Many reported high prevalence of backaches during pregnancy, whereas others reported no change in backache.11 McAllion reported height loss during pregnancy (1–11 cm) indirectly.8
This is the first scoping review of a unique combination of pregnancy and OI. This is the only study that combined a description of antenatal, perinatal, and postnatal musculoskeletal complications in pregnant women with OI. An attempt was made to extract all available data on pregnancy and related complications. This study could be useful for formulating obstetric and orthopedics specific recommendations to pregnant women with OI.
Due to the rare combination of pregnancy and OI, very few articles are included in the scoping review. Only English language articles were included. All included studies were either from North America or Europe; hence, the global perspective might be missing from this scoping review. The frequency of complications and the conclusions of various studies contradict those of other studies. The characteristics of the complications are different. Hence, we cannot recommend any guidelines on the basis of this scoping review. Critical appraisal of the included articles was not done. This review includes articles published over 50 years, and the practice of obstetrics as well as advances in technology might affect the final maternal and fetal outcomes. Further research, including large-scale, prospective studies, is needed to provide a greater level of evidence.
This study provides baseline information on the types and occurrence of maternal, fetal and musculoskeletal complications among women with OI. Multicenter studies including registries of every woman with OI should be started to estimate the exact frequency of maternal and fetal complications. Data specific to obstacles and complications related to obstetrics should be collected to form formal guidelines specific to OI pregnancies.
The frequency of pregnancy and fracture-related complications varies among women with osteogenesis imperfecta. Significant data gaps describe the limited experience of OI in pregnancy and its different outcomes.
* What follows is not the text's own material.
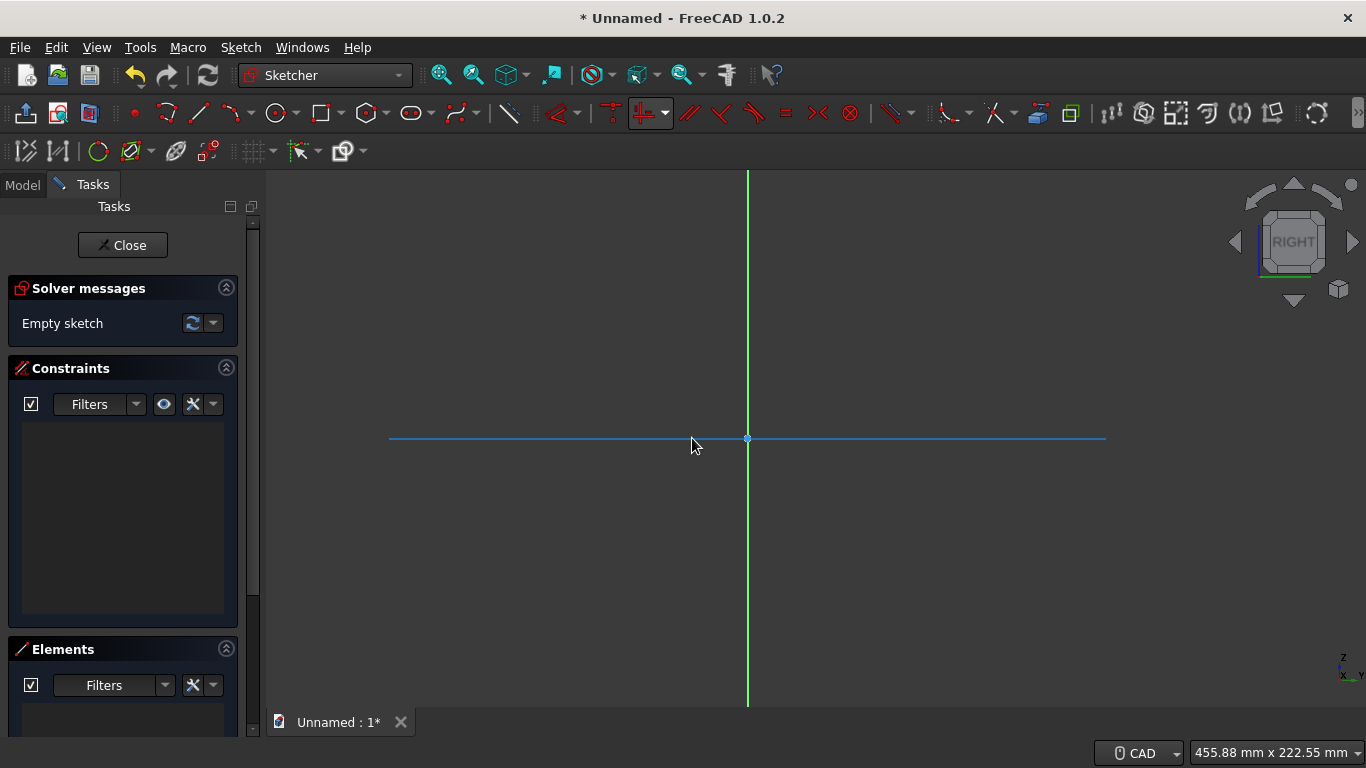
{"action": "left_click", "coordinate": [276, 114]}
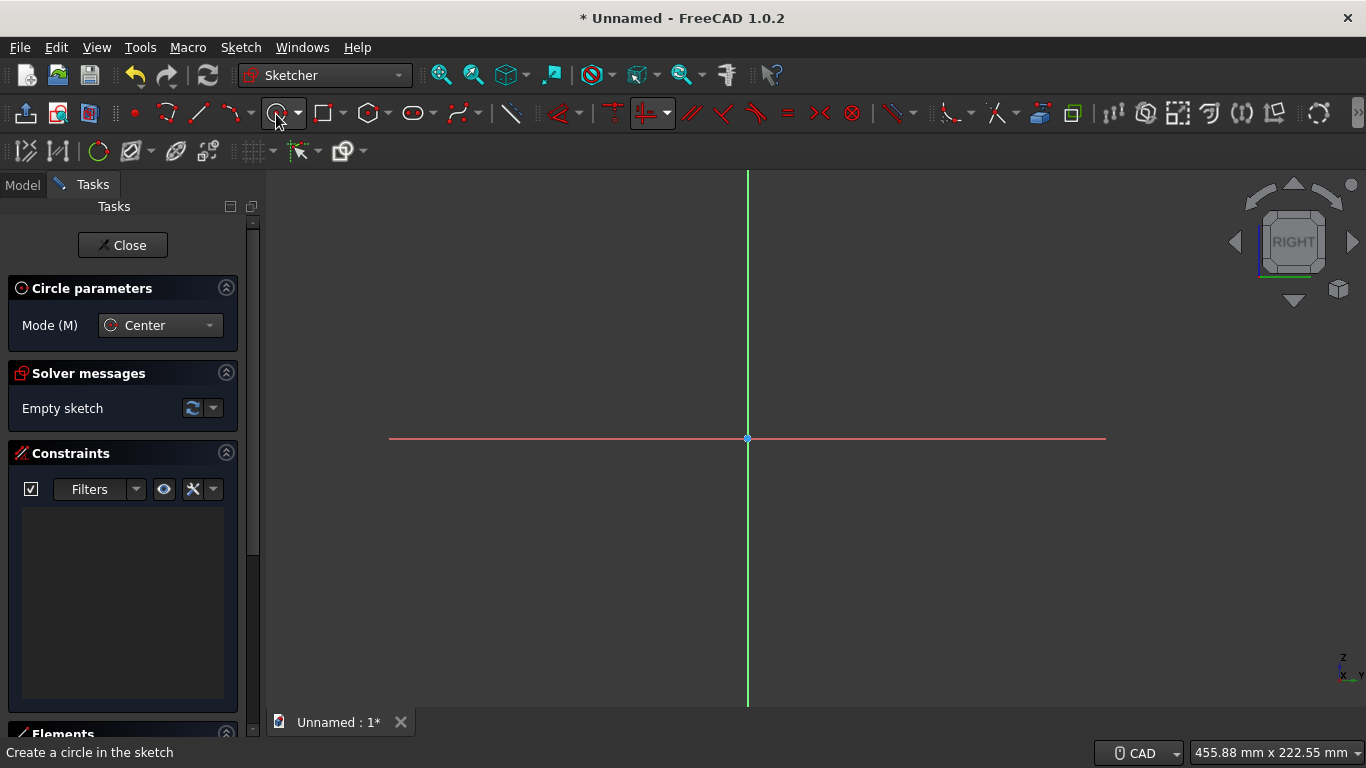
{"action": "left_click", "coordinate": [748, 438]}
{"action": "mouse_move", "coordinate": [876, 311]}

This study underscores the crucial need for further research and clarity about maternal and neonatal complications associated with OI pregnancies.
The data generated for the article is depicted as PRISMA-Scr guidelines checklist and uploaded to data repository. All authors agreed to make all data freely available. The dataset can be accessed.
Data file 1
Repository name: PRISMA-SCr guidelines checklist, word format.
https://doi.org/10.6084/m9.figshare.29259962.v118
DOI: 10.6084/m9.figshare.29259962
Data file 2
Repository name: Pregnancy with osteogenesis imperfecta: A scoping review- protocol and proforma, word format.
https://doi.org/10.6084/m9.figshare.2929178025
DOI: 10.6084/m9.figshare.29291780
Data are available under the terms of the Creative Commons Attribution 4.0 International license (CC-BY 4.0).